**EXERCISE DIRECTIONS:** How many of the lines below have "boxes" in them? Say the number and nothing more.

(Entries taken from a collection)

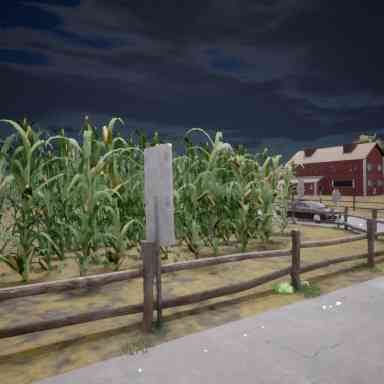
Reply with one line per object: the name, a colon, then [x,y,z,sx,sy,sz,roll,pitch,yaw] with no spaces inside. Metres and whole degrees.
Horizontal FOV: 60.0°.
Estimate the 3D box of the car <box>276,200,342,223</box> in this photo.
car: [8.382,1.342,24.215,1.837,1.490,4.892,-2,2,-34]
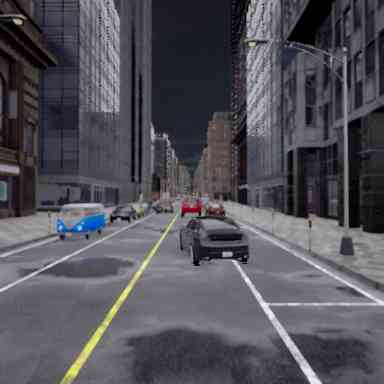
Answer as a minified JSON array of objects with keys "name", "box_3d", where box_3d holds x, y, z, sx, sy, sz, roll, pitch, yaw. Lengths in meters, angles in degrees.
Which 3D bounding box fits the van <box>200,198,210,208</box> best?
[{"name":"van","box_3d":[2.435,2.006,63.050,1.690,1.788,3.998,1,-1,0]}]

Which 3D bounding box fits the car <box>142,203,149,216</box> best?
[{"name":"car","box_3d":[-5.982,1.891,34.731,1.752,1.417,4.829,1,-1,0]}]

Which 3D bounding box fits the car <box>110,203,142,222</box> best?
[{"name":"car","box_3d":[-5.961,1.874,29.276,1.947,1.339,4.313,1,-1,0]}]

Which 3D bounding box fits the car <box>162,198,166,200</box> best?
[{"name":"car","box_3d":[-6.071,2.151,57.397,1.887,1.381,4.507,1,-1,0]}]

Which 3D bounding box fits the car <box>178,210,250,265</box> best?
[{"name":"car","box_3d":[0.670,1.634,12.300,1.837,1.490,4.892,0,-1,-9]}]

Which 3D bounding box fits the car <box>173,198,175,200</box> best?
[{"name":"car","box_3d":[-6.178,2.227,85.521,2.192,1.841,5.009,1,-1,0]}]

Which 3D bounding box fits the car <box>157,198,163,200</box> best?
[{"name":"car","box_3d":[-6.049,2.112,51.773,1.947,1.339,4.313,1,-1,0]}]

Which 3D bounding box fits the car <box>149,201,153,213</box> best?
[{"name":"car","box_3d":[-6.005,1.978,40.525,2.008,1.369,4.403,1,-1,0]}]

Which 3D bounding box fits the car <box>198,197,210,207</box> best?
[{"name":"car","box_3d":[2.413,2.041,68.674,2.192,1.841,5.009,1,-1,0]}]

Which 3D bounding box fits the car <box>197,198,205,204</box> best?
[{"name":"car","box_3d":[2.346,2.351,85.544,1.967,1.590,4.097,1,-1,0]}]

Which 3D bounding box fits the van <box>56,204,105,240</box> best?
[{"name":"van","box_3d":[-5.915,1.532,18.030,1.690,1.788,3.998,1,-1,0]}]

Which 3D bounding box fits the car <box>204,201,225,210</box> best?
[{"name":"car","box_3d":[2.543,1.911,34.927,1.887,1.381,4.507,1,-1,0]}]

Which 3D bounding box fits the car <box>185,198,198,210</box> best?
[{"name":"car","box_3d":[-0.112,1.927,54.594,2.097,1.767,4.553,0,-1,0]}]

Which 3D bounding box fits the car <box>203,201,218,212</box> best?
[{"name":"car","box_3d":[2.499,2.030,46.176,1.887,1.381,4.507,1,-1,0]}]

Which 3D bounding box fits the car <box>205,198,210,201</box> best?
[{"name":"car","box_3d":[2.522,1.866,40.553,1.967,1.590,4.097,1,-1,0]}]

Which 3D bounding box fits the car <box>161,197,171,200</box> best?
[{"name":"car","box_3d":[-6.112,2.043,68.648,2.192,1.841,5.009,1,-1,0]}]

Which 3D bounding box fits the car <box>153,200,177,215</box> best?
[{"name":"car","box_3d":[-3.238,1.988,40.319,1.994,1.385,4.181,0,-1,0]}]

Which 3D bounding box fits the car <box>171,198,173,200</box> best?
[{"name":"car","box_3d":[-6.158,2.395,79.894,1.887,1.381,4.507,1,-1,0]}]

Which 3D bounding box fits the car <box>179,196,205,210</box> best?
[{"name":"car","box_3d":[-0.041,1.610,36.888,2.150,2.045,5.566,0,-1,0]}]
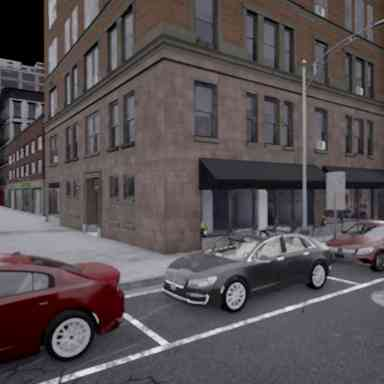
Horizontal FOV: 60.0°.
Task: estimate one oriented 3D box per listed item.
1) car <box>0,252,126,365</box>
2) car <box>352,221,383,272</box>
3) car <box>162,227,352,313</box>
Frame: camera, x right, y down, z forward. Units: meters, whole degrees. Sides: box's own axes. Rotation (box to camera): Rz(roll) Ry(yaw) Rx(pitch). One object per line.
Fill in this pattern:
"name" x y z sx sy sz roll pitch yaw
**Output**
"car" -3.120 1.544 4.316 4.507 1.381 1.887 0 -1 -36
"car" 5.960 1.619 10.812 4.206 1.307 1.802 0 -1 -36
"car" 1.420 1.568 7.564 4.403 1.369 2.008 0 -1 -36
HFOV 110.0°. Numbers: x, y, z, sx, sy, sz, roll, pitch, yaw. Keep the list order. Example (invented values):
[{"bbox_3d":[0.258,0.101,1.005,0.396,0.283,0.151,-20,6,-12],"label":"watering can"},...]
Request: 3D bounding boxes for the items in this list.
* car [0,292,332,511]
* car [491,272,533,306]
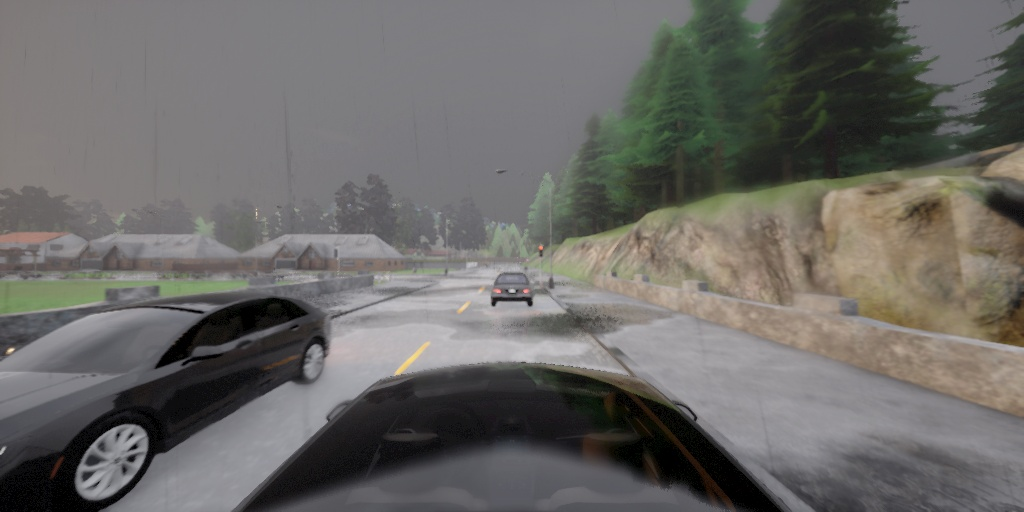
--
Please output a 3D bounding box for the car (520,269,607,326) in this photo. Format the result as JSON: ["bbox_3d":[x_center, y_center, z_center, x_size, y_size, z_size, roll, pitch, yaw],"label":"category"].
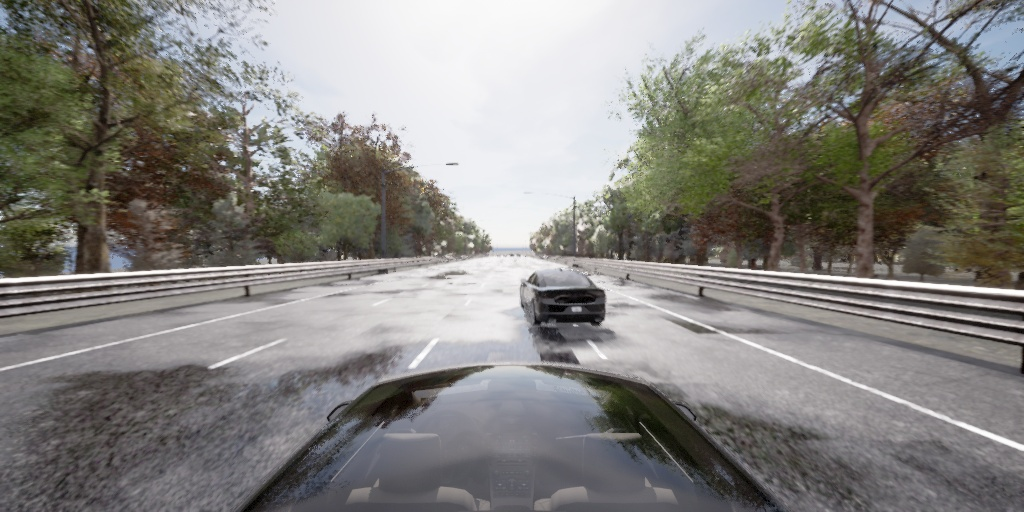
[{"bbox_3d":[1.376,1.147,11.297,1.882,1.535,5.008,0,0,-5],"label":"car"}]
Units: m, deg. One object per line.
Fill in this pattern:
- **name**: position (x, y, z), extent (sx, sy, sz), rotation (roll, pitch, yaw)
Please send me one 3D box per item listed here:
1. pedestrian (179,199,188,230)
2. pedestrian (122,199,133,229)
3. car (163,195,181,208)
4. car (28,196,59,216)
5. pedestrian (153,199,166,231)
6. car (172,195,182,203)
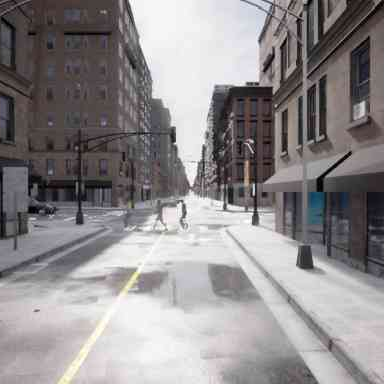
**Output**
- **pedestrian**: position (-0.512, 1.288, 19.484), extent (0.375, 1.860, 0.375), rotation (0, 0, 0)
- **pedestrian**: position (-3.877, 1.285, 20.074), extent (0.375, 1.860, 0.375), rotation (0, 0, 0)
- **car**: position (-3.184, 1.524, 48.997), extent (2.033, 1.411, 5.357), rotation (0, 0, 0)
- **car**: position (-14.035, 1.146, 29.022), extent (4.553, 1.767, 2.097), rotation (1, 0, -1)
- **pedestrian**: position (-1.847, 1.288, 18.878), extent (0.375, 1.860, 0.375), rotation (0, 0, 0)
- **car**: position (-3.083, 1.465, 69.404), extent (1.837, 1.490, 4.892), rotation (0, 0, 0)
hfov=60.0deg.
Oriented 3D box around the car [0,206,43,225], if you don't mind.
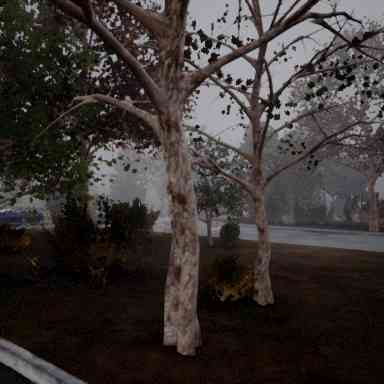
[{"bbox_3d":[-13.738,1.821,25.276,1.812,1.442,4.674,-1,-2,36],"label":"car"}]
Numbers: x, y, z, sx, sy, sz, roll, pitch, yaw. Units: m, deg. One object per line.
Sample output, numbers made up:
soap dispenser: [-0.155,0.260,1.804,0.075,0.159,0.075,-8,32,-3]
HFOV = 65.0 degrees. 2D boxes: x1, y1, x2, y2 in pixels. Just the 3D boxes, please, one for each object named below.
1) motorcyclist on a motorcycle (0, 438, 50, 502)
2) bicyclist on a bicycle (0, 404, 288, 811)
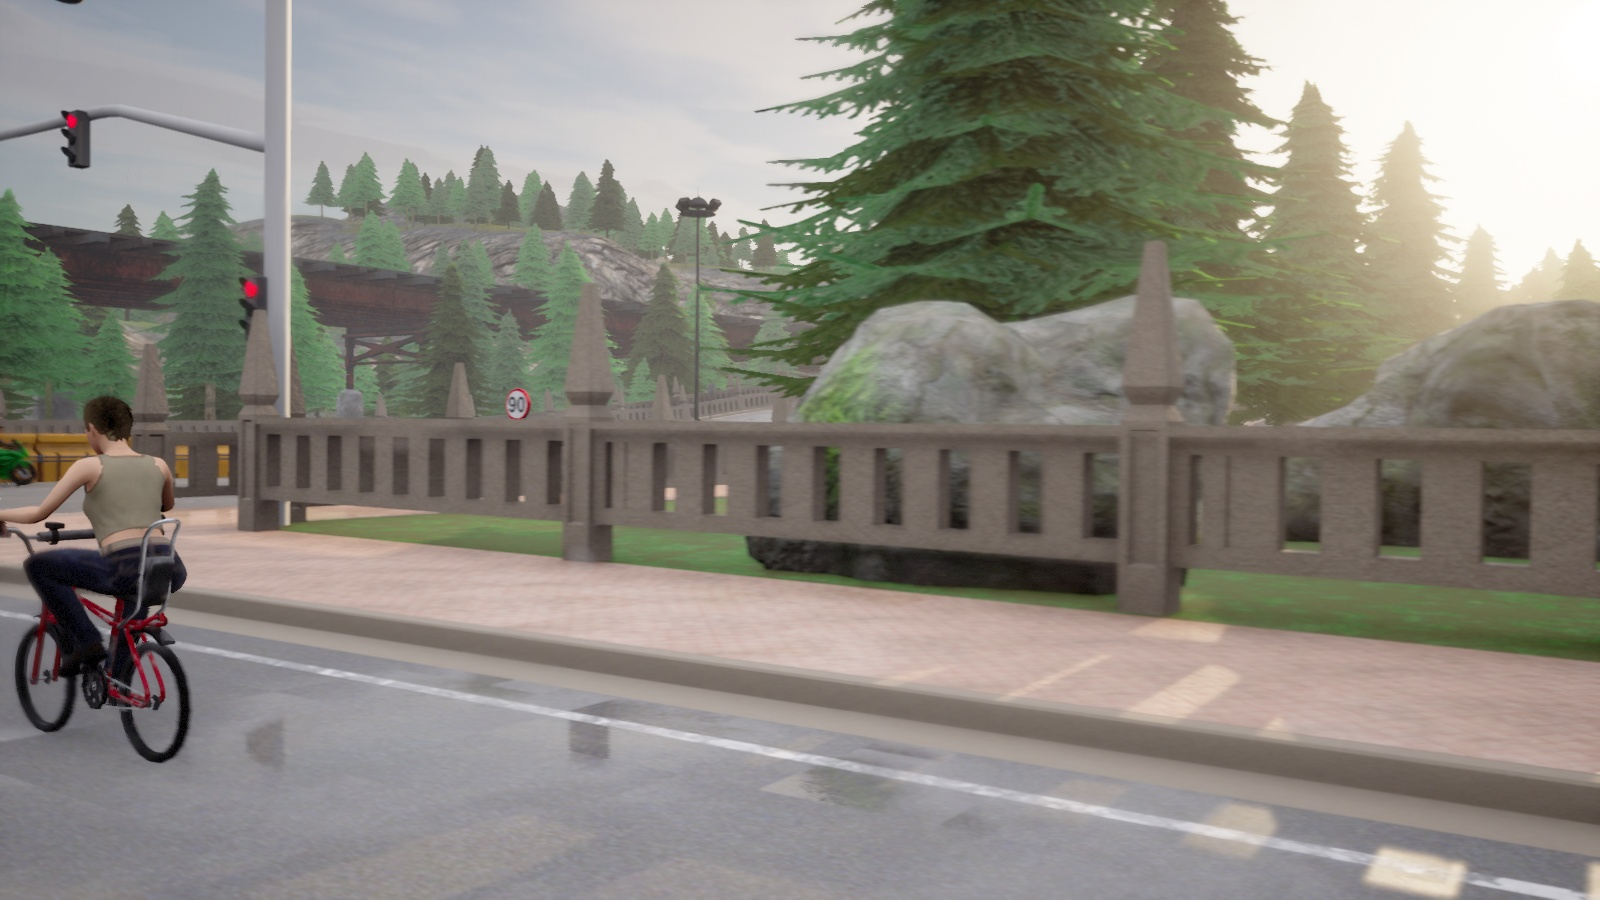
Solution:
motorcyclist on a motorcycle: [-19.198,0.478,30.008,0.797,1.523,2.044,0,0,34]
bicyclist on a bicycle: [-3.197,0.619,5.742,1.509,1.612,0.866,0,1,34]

**EXERCISE RESPONSE:** 2